Directions: An exact copy of the data is required, with no pictures in it.

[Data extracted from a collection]
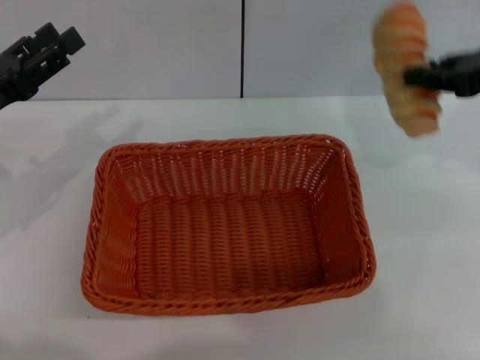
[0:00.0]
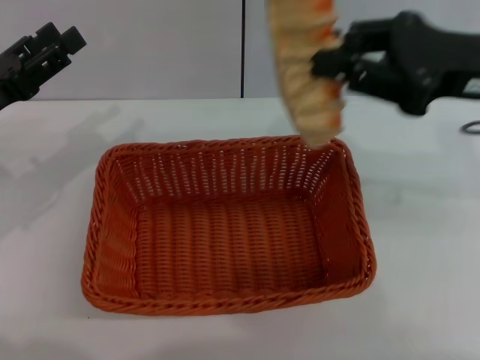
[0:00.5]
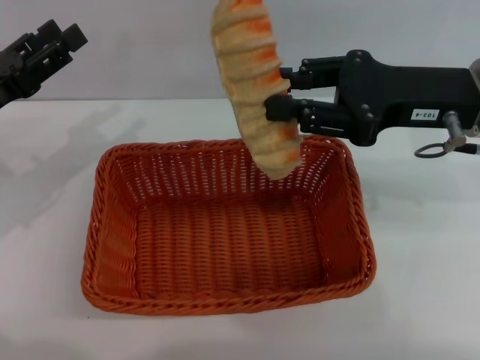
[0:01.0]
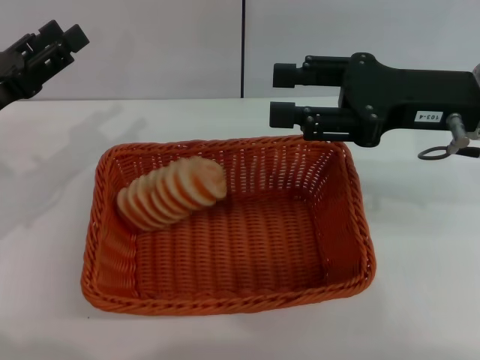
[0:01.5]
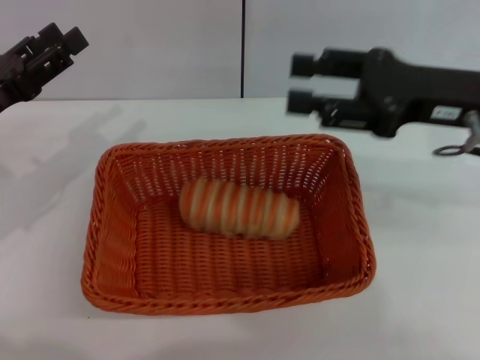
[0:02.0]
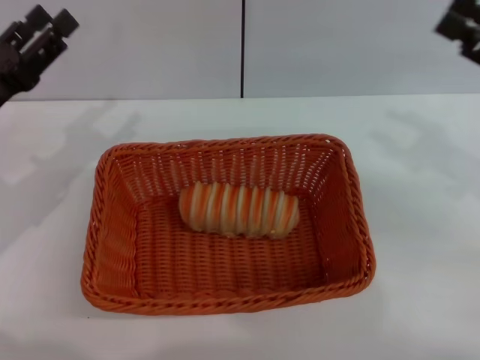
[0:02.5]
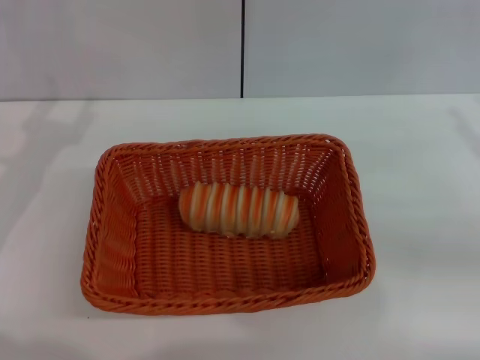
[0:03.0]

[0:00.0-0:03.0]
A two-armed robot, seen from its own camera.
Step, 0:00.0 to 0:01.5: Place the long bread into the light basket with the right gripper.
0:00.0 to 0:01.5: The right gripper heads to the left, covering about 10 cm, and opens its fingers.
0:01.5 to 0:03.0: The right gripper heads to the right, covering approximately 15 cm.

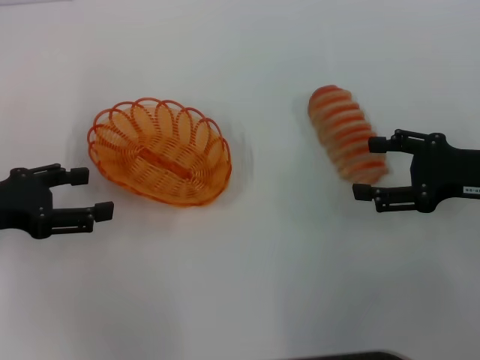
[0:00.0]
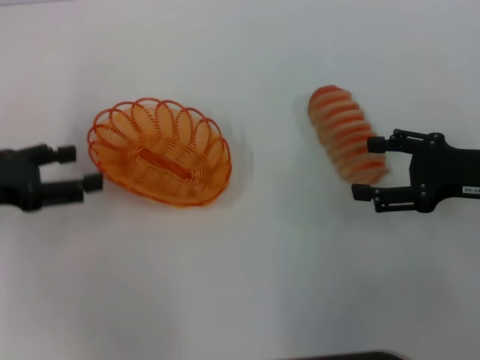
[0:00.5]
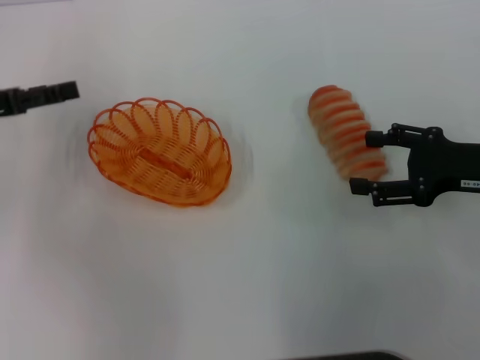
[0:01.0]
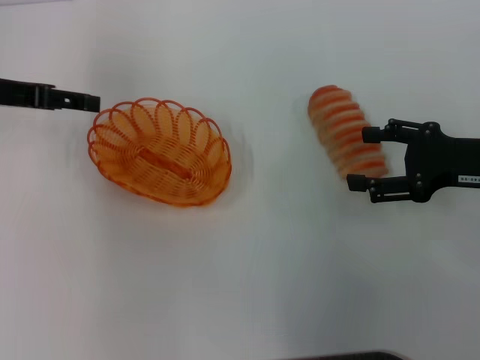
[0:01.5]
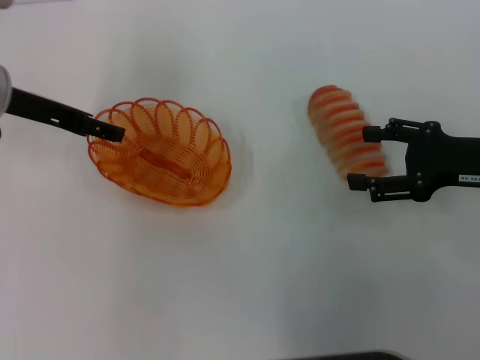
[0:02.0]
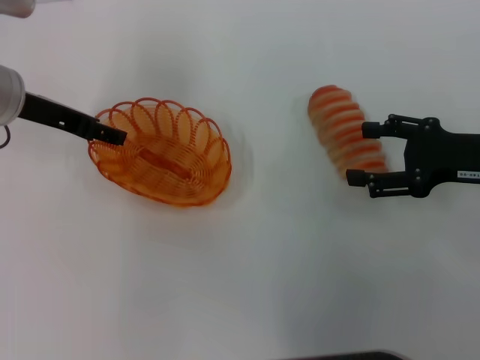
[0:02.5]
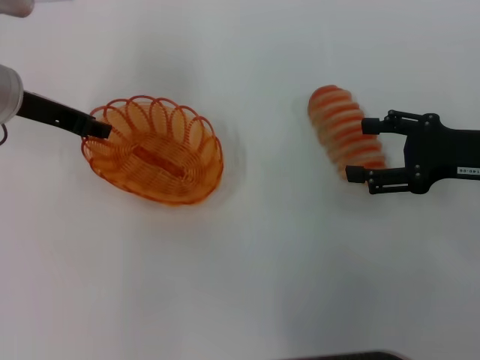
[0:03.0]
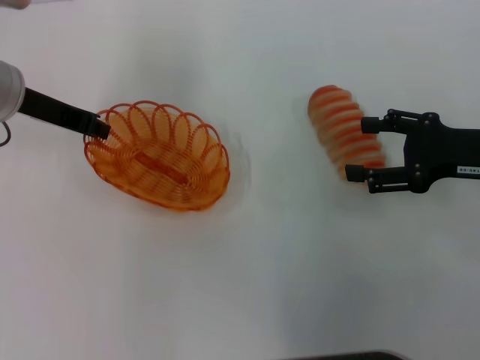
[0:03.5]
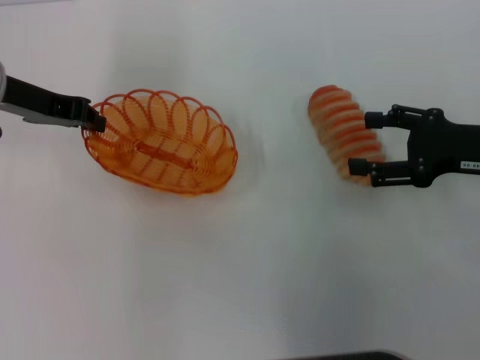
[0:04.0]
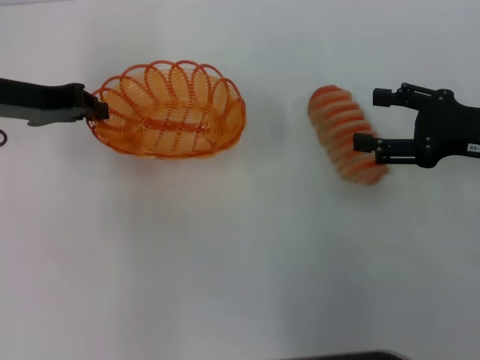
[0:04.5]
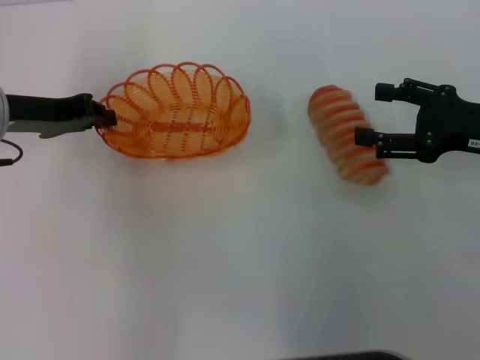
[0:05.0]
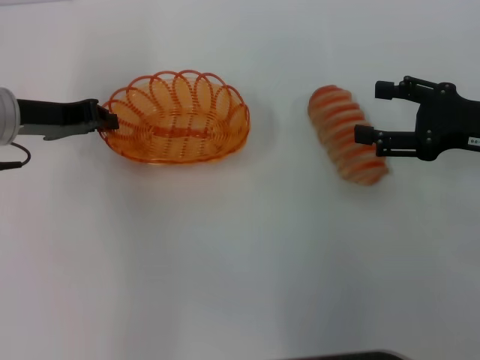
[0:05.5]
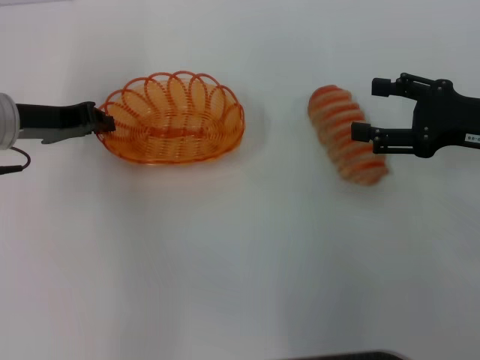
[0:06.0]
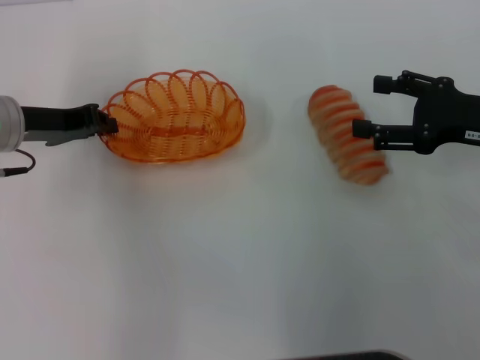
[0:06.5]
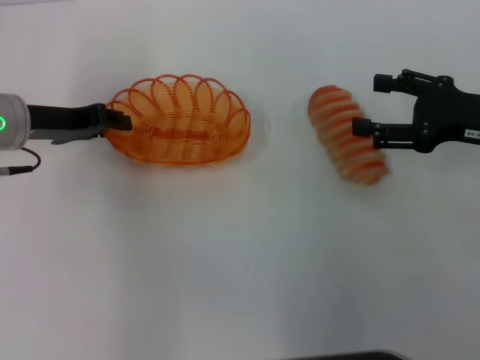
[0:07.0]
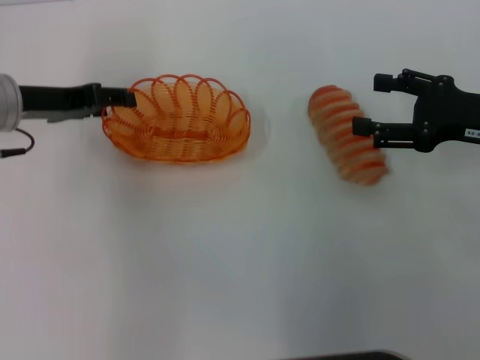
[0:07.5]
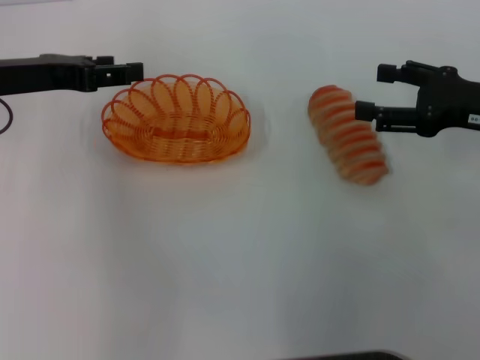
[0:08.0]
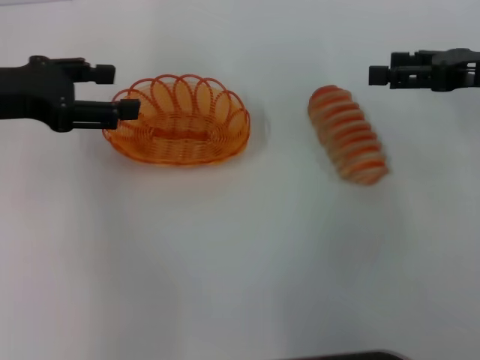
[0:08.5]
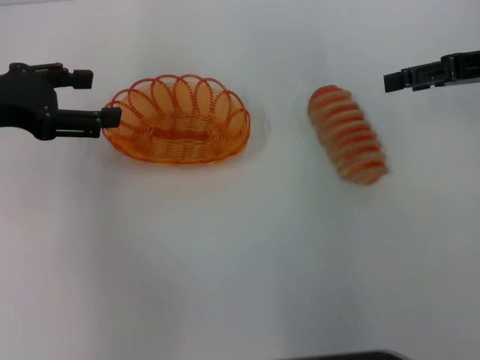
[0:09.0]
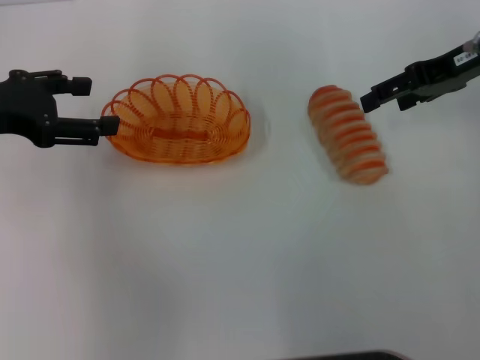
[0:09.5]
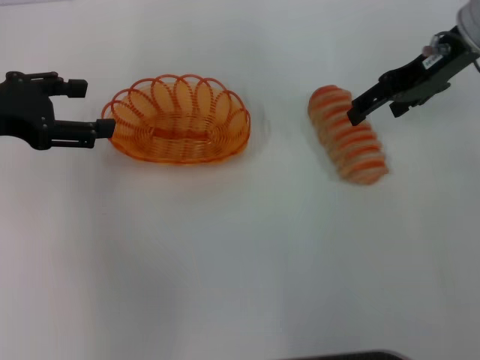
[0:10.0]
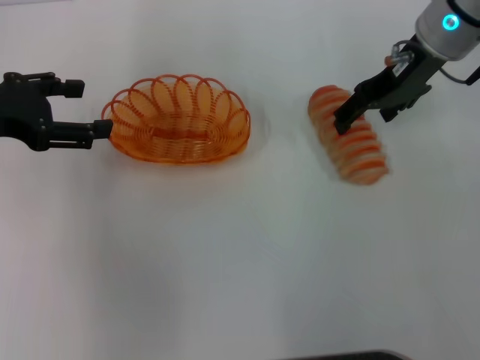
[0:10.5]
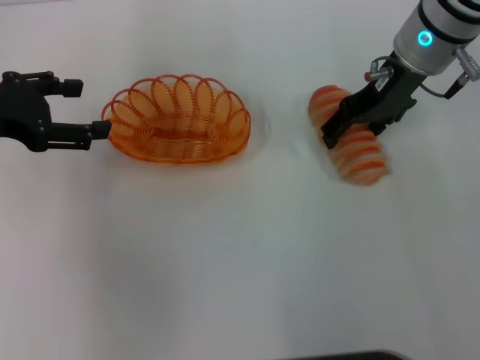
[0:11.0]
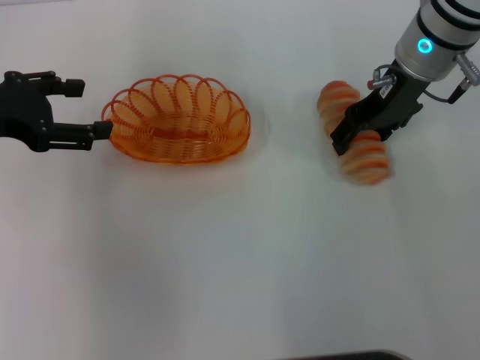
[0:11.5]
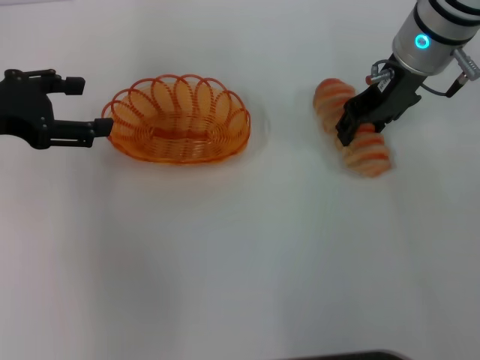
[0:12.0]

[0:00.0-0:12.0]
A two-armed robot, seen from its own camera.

Result for this task:
[0:00.0]
[0:00.5]
[0:01.0]
[0:01.5]
[0:02.0]
[0:02.5]
[0:03.0]

[0:00.0-0:03.0]
A two-armed robot, seen from its own camera.
Step, 0:00.0 to 0:01.5: Place the long bread into the light basket with the right gripper.
0:00.0 to 0:01.5: The right gripper heads to the left, covering about 10 cm, and opens its fingers.
0:01.5 to 0:03.0: The right gripper heads to the right, covering approximately 15 cm.

[0:00.0]
[0:00.5]
[0:01.0]
[0:01.5]
[0:02.0]
[0:02.5]
[0:03.0]
[0:03.5]
[0:04.0]
[0:04.5]
[0:05.0]
[0:05.5]
[0:06.0]
[0:06.5]
[0:07.0]
[0:07.5]
[0:08.0]
[0:08.5]
[0:09.0]
[0:09.5]
[0:10.0]
[0:10.5]
[0:11.0]
[0:11.5]
[0:12.0]

[0:00.0-0:12.0]
A two-armed robot, seen from its own camera.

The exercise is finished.